Share your dilemmas and get honest opinions from other Mumsnetters.

To ask you all for practical reasons to stay away from MM

141 replies

PleaseHelpM3 · 06/08/2019 17:32

Hello

As the title suggests, I've been a bit. Met someone, he pursed me, very romantic, flirty, sexual. We had sex. He then, while I'm naked him bed, goes off to message his wife. He tells me this only now for the first time, post sex.

To my shame I slept with him once more, but have now ended it. But I'm struggling.

Please can you all tell me practical reasons why I need to stay away. Believe it or not I have actually been ill with guilt regarding his wife. But I worry he is my only chance at happiness.

Morally, I know I need to stay away. But it transpires I'm a bigger arsehole than I ever thought possible so please tell me the practical, self-serving reasons. Like he's a liar and a good one. And about Christmas. And that the background is he found me at a low point and used that to his advantage. Tell me even though I love his smell I can just walk into a shop and buy that smell for myself.

Please convince me the best 4 weeks of my life have actually been the worst.

My sincere apologies to all betrayed wives.

OP posts:
Ginger1982 · 06/08/2019 18:45

Don't listen to @Penelopevain.

He won't leave his wife.
Even if he did, you would always be wondering if he was cheating on you.

sonjadog · 06/08/2019 18:45

How can he be your one chance at happiness?
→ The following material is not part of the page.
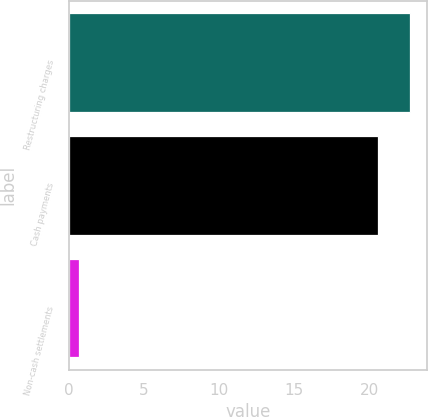Convert chart. <chart><loc_0><loc_0><loc_500><loc_500><bar_chart><fcel>Restructuring charges<fcel>Cash payments<fcel>Non-cash settlements<nl><fcel>22.73<fcel>20.6<fcel>0.7<nl></chart>

How can he give you happiness at all? Sure at the moment you are in lust with him and you want to be near him, but you will never have his full attention, you will never be "the one" for him. If you get involved with him the first bit may be great, but then in a while you will be desperate for him to call, wondering what he is doing with his wife, fitting your life around when he is available. Doesn't sound much like happiness to me. Happiness is surely being someone who likes you are much as you like them? Who is available to spend time with you? Who you can trust?

QueenoftheBiscuitTin · 06/08/2019 18:47

Sort yourself out and have some self respect. Think of how his poor wife feels and get some morals. He is not what you're looking for and this arrangement will only end in tears.
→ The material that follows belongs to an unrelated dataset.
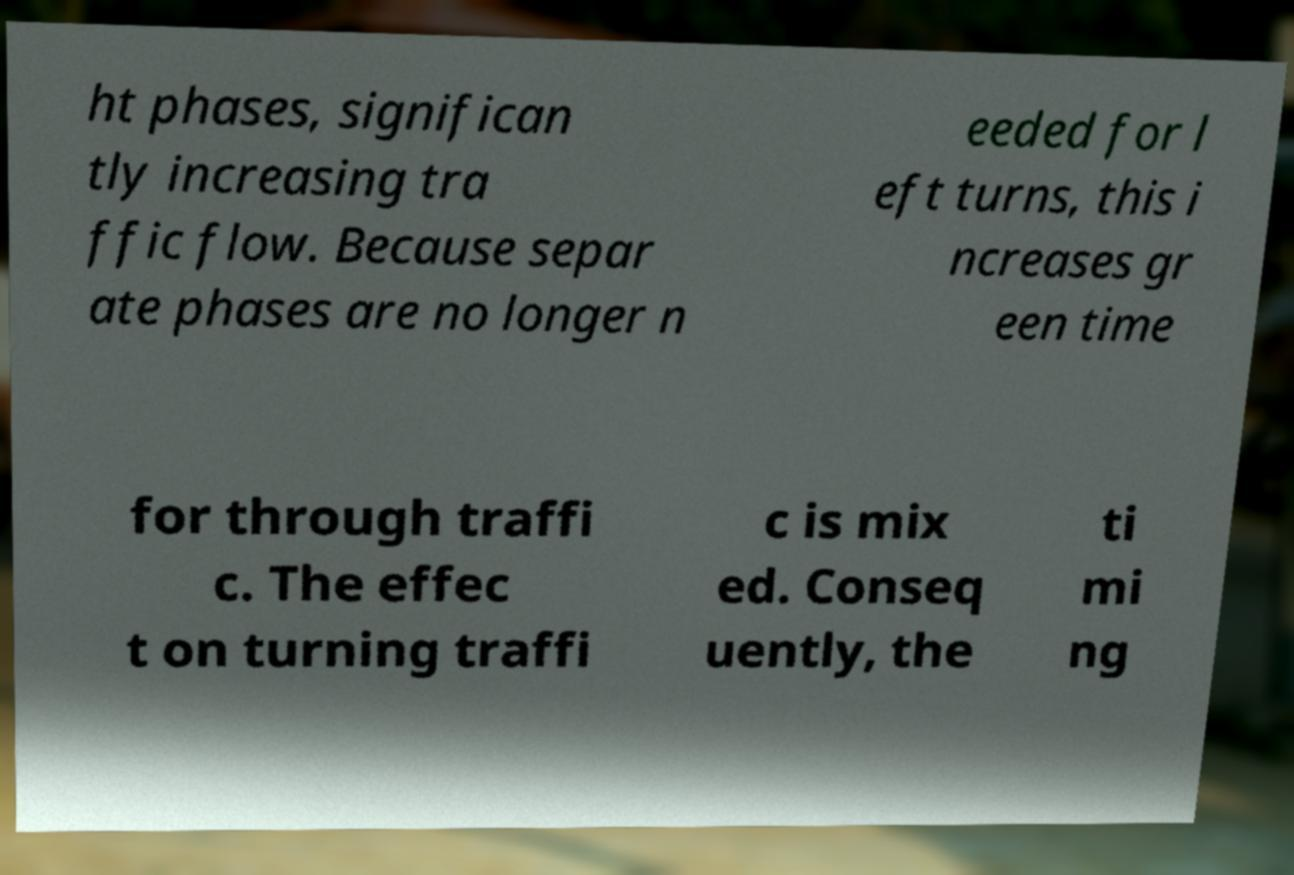For documentation purposes, I need the text within this image transcribed. Could you provide that? ht phases, significan tly increasing tra ffic flow. Because separ ate phases are no longer n eeded for l eft turns, this i ncreases gr een time for through traffi c. The effec t on turning traffi c is mix ed. Conseq uently, the ti mi ng

Littletabbyocelot · 06/08/2019 18:50

I met my dad's mistress when I was about 8 years old. I didn't know it at the time, she was just his pretty young colleague who was wearing her best clothes and had bought all mine and my sisters favourite food. Looking back it was so obvious she thought she was important and was going to be our step mum.

She wasn't the first, she wasn't the last and my dad didn't leave until he was kicked out. My eventual step mums were both women who would never knowingly be involved with a married man.

My dad kept mementos of everyone in his life who was ever important to him. Even his ex in laws. There wasn't a single trace of her in his papers (and he had not sorted them at all). I doubt he remembered her name. She thought he was going to be the love of her life and she meant nothing to him.

Don't be her.

sonjadog · 06/08/2019 18:53

Sometimes I get strong crushes on people and I find it helps to remind myself that this strong feeling isn't love, it´s just a hormonal rush and will pass. Maybe it might help if you keep telling yourself that?

Mummyoflittledragon · 06/08/2019 18:56

You’re a conquest. He conquered you and what did he do? He called his wife in front of you to send the message she’s the only important one in his life. Except she isn’t really important either because if she were you wouldn’t have been in his bed.

Frankly he doesn’t see women as human beings let alone equals. You’re just objects in his life to play with as he pleases. Pawns. His wife is the one at home, the mother of his kids perhaps and you’re the nasty little tart to fuck.

Be very very very glad you aren’t his wife because her position is so much worse. At least you can turn on your heels, nose in the air and never have to set eyes on him again.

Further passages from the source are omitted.